Этой тонкой смеси не хватает и героям Теккерея, хотя они гораздо ближе к пошлякам, чем персонажи Филдинга. Герои Теккерея тщеславны, это качество вполне годится в качестве составляющей для образования пошлости и пошляка, однако доза его так высока, что пошлость растворяется в нем, так же как у Филдинга в злодействе. Таким образом, опыт английского классика демонстрирует нам как то, что тщеславие обретается где-то очень близко от пошлости, так и то, что до неких последних оснований или бездн души человеческой английский роман не доходит.
Журнал «Начало» №30, 2014 г.
[1] У. Теккерей. Ярмарка тщеславия. М.: Астрель. С. 60.
[2] Там же. С. 817–818.
[3] Л.Н. Толстой. Война и мир // Л.Н. Толстой. Собр. Соч. в 12-ти тт. М.: Художественная литература, 1973. Т. 4. С. 38.
[4] Там же.
[5] Франсуа де Ларошфуко. Максимы // Франсуа де Ларошфуко. Максимы и моральные размышления. М.: Наука. С. 170 (253).
[6] Там же. С. 165 (200).
[7] Там же. С. 166 (213).
[8] Таковы не только Джордж Осборн и Джон Седли Теккерея, все Форсайты из многотомной «Саги о Форсайтах» Д. Голсуорси исключительно честные дельцы долгой викторианской эпохи, от начала и до самого ее завершения. Последний из них, Соме Форсайт переживает драму крушения незыблемых основ, а с ними разлом раковины древнего, родимого, надежного английского самодовольства. Оказавшись незащищенным ею, он становится уязвимым и — гораздо более привлекательным, чем в начале «Саги», но и жизнь его — теперь уже затянувшийся конец, она кончена вместе с той, твердокаменной эпохой.
[9] У. Теккерей. Ярмарка тщеславия. М.: Астрель. С. 566–567.
[10] Там же. С. 746.
[11] Г. Фильдинг.
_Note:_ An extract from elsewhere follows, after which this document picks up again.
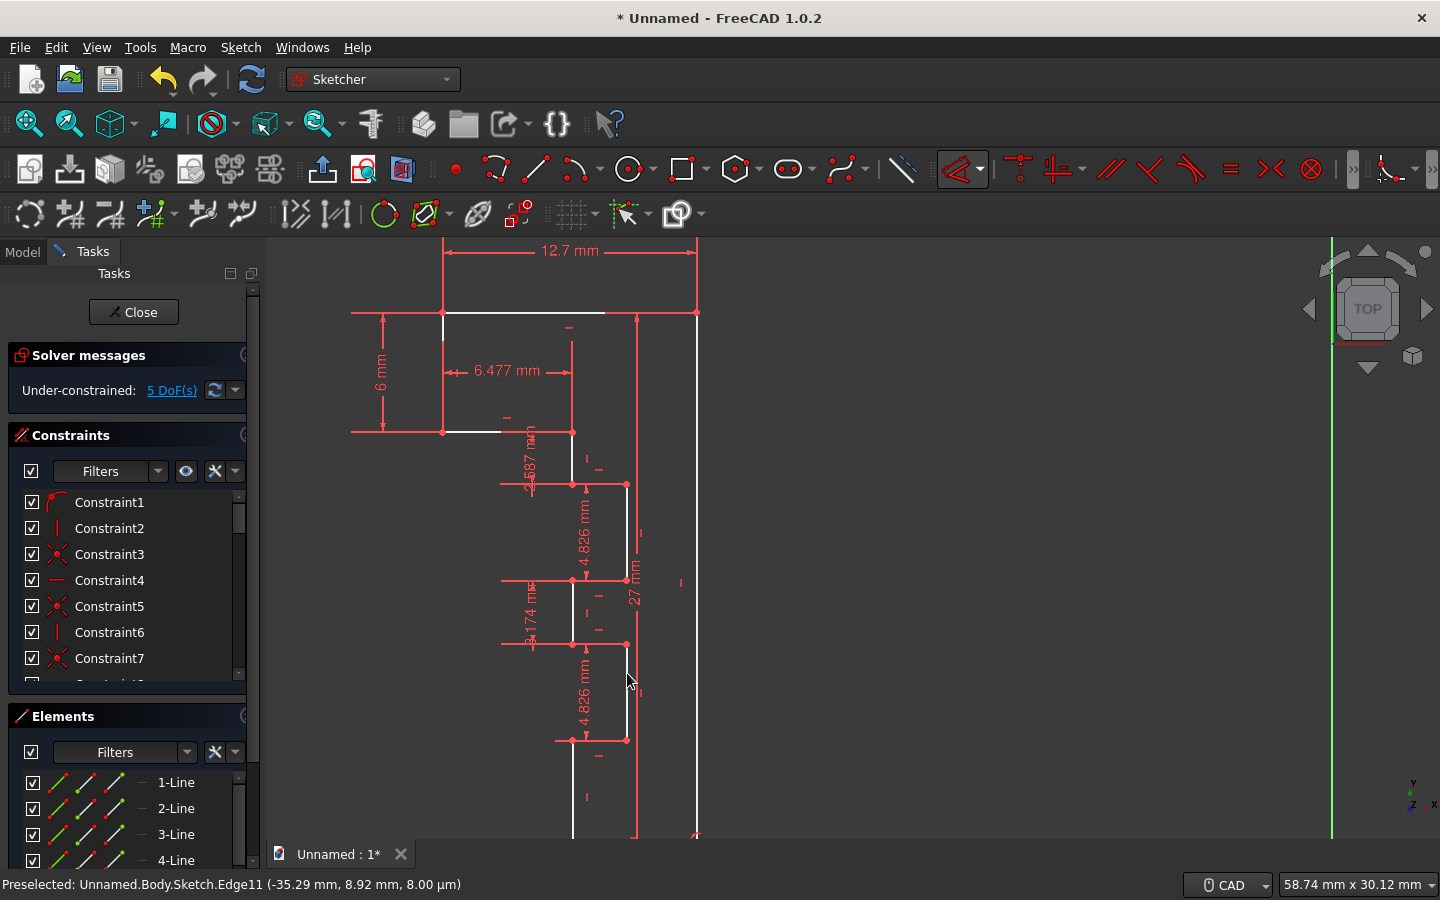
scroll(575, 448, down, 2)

История Тома Джонса, найденыша // Г. Фильдинг. Избранные произведения в двух томах. М.: Государственное издательство художественной литературы, 1954. Т. 2. С. 586.
[12] Предпочтение в такого рода примерах оказывается автором Толстому, живописующему жизнь во всем ее разнообразии, а не признанным «специалистам» по пошлости, Гоголю и Чехову, именно потому, что пошлость в произведениях последних слишком «выпуклая» для той повседневности, о которой идет речь в данном тексте, и требуя отдельного рассмотрения.
[13] Л.Н. Толстой. Война и мир // Л.Н. Толстой. Собр. соч. в 12 тт. М.: Художественная литература, 1973. Т. 4. С. 295.